Phase information associated with a fringe pattern in an interferogram from digital holographic microscopy (DHM) is calculated by shifting the fringe through different known phase increments or by Fourier transforming the fringe pattern, which is obtained by adding a considerable tilt to the wave front causing carrier fringes [1, 2]. In either case, the phase distribution of a phase image means that principal values are wrapped in a range of −π to π, which can cause 2π phase jumps due to phase periodicity (with a phase modulus of 2π) of trigonometric functions. A phase unwrapping process must be conducted to remove 2π phase discontinuities in the image and obtain an estimate of the true continuous phase image. Phase unwrapping consists of detecting the location of the phase jump then connecting adjacent pixels by adding or subtracting multiples of 2π to remove phase discontinuities.

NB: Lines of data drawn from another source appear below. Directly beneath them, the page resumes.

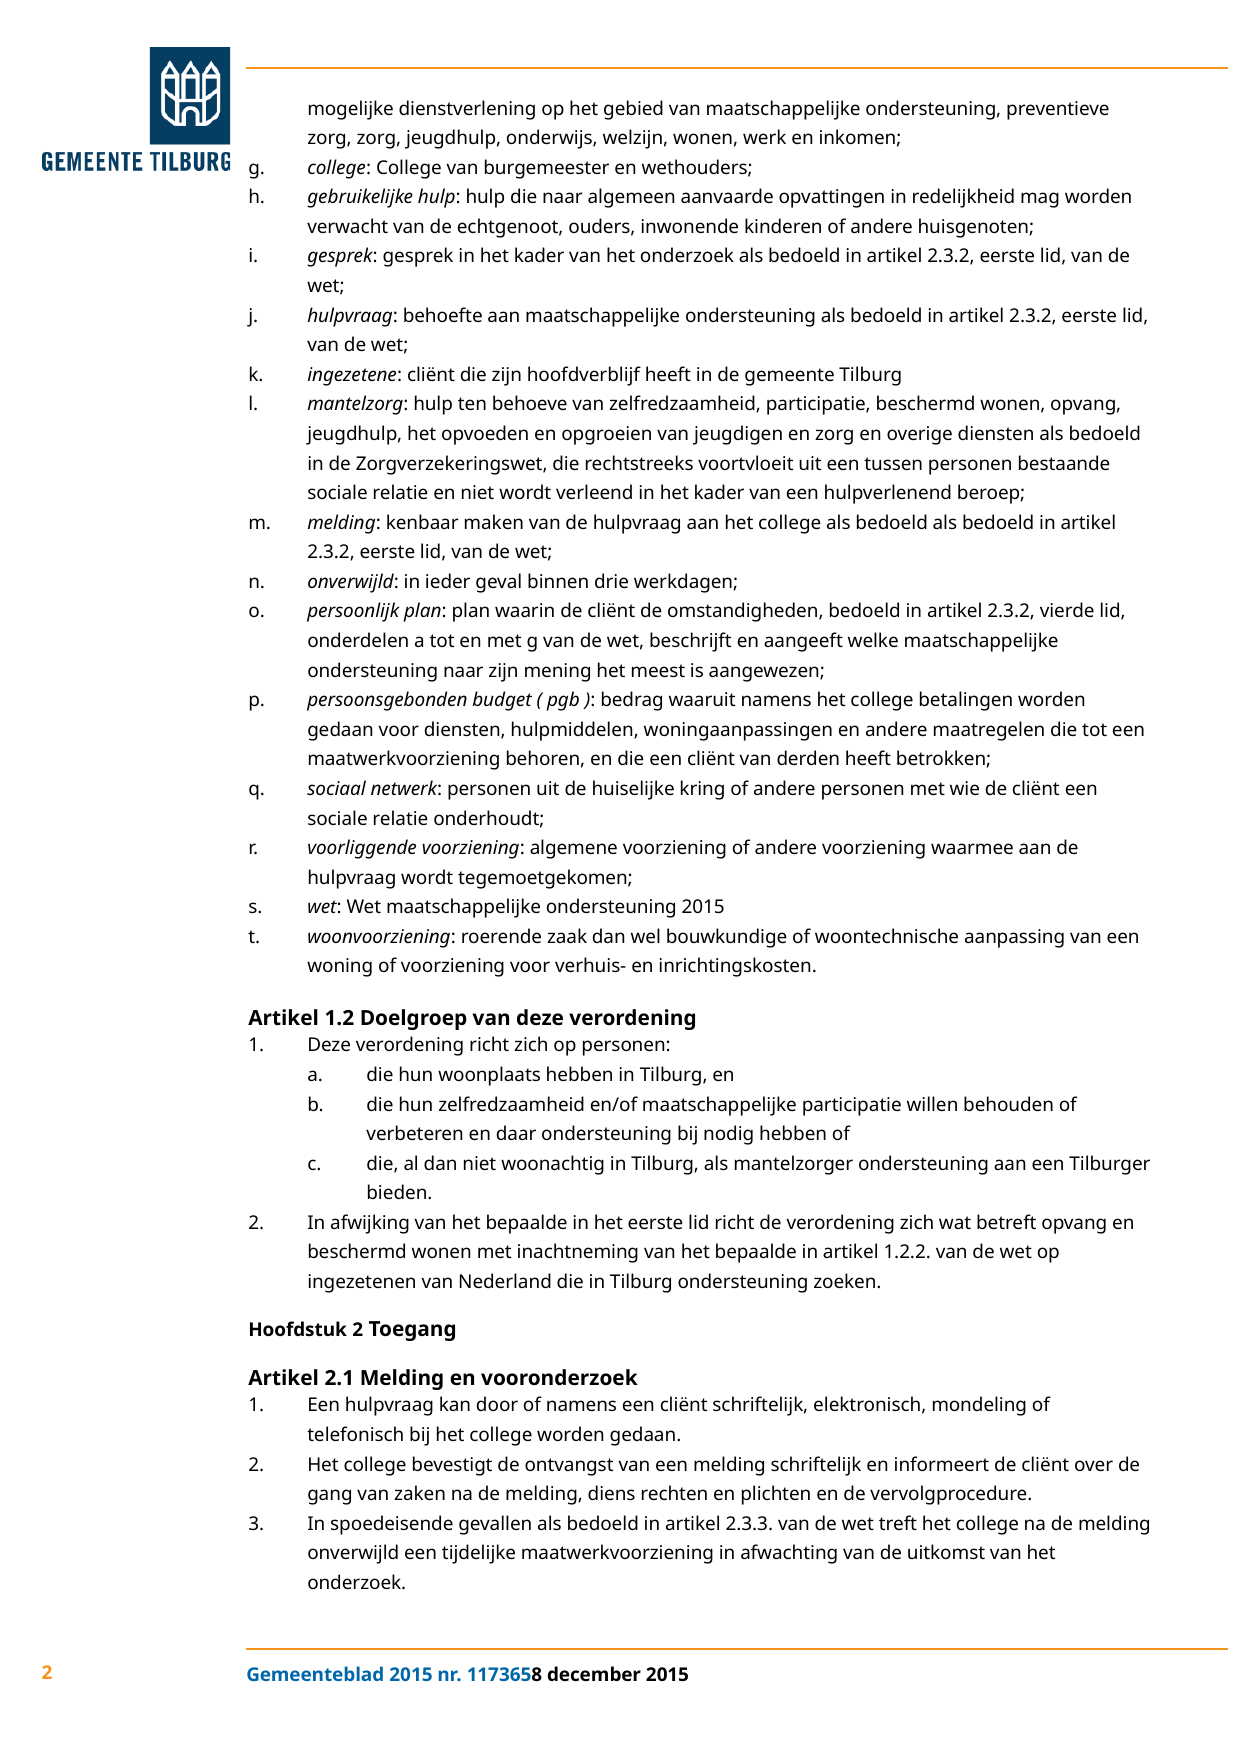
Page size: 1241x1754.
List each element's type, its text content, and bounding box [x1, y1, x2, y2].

list Deze verordening richt zich op personen: [248, 1032, 1152, 1057]
list voorliggende voorziening: algemene voorziening of andere voorziening waarmee aan de hulpvraag wordt tegemoetgekomen; [248, 834, 1152, 890]
list die, al dan niet woonachtig in Tilburg, als mantelzorger ondersteuning aan een Tilburger bieden. [307, 1150, 1152, 1205]
list die hun zelfredzaamheid en/of maatschappelijke participatie willen behouden of verbeteren en daar ondersteuning bij nodig hebben of [307, 1091, 1152, 1146]
list melding: kenbaar maken van de hulpvraag aan het college als bedoeld als bedoeld in artikel 2.3.2, eerste lid, van de wet; [248, 509, 1152, 564]
text Artikel 1.2 Doelgroep van deze verordening [248, 1003, 1152, 1032]
list gesprek: gesprek in het kader van het onderzoek als bedoeld in artikel 2.3.2, eerste lid, van de wet; [248, 243, 1152, 298]
list woonvoorziening: roerende zaak dan wel bouwkundige of woontechnische aanpassing van een woning of voorziening voor verhuis- en inrichtingskosten. [248, 923, 1152, 978]
list onverwijld: in ieder geval binnen drie werkdagen; [248, 568, 1152, 594]
list hulpvraag: behoefte aan maatschappelijke ondersteuning als bedoeld in artikel 2.3.2, eerste lid, van de wet; [248, 302, 1152, 357]
text Hoofdstuk 2 Toegang [248, 1314, 1152, 1342]
list ingezetene: cliënt die zijn hoofdverblijf heeft in de gemeente Tilburg [248, 361, 1152, 387]
text Artikel 2.1 Melding en vooronderzoek [248, 1363, 1152, 1392]
list college: College van burgemeester en wethouders; [248, 154, 1152, 180]
picture [41, 47, 231, 172]
list Het college bevestigt de ontvangst van een melding schriftelijk en informeert de cliënt over de gang van zaken na de melding, diens rechten en plichten en de vervolgprocedure. [248, 1451, 1152, 1506]
list die hun woonplaats hebben in Tilburg, en [307, 1061, 1152, 1087]
list persoonlijk plan: plan waarin de cliënt de omstandigheden, bedoeld in artikel 2.3.2, vierde lid, onderdelen a tot en met g van de wet, beschrijft en aangeeft welke maatschappelijke ondersteuning naar zijn mening het meest is aangewezen; [248, 598, 1152, 683]
list In afwijking van het bepaalde in het eerste lid richt de verordening zich wat betreft opvang en beschermd wonen met inachtneming van het bepaalde in artikel 1.2.2. van de wet op ingezetenen van Nederland die in Tilburg ondersteuning zoeken. [248, 1209, 1152, 1294]
list persoonsgebonden budget ( pgb ): bedrag waaruit namens het college betalingen worden gedaan voor diensten, hulpmiddelen, woningaanpassingen en andere maatregelen die tot een maatwerkvoorziening behoren, en die een cliënt van derden heeft betrokken; [248, 686, 1152, 771]
list mantelzorg: hulp ten behoeve van zelfredzaamheid, participatie, beschermd wonen, opvang, jeugdhulp, het opvoeden en opgroeien van jeugdigen en zorg en overige diensten als bedoeld in de Zorgverzekeringswet, die rechtstreeks voortvloeit uit een tussen personen bestaande sociale relatie en niet wordt verleend in het kader van een hulpverlenend beroep; [248, 391, 1152, 505]
list wet: Wet maatschappelijke ondersteuning 2015 [248, 893, 1152, 919]
list gebruikelijke hulp: hulp die naar algemeen aanvaarde opvattingen in redelijkheid mag worden verwacht van de echtgenoot, ouders, inwonende kinderen of andere huisgenoten; [248, 183, 1152, 239]
list Een hulpvraag kan door of namens een cliënt schriftelijk, elektronisch, mondeling of telefonisch bij het college worden gedaan. [248, 1392, 1152, 1447]
list In spoedeisende gevallen als bedoeld in artikel 2.3.3. van de wet treft het college na de melding onverwijld een tijdelijke maatwerkvoorziening in afwachting van de uitkomst van het onderzoek. [248, 1510, 1152, 1595]
list sociaal netwerk: personen uit de huiselijke kring of andere personen met wie de cliënt een sociale relatie onderhoudt; [248, 775, 1152, 831]
list mogelijke dienstverlening op het gebied van maatschappelijke ondersteuning, preventieve zorg, zorg, jeugdhulp, onderwijs, welzijn, wonen, werk en inkomen; [248, 95, 1152, 150]

Many phase unwrapping algorithms were proposed to solve challenging problems such as phase discontinuities. Phase unwrapping algorithms can be generally grouped into three major categories: global algorithms, region algorithms, and path‐following algorithms [3, 4]. Global algorithms minimize differences between discrete gradients of wrapped and unwrapped phase images [5–11]. The L_P‐norm and least‐squares algorithms are typical examples of this category. Although these algorithms are generally robust, their computational requirements are huge, making them unsuitable for real‐time, ...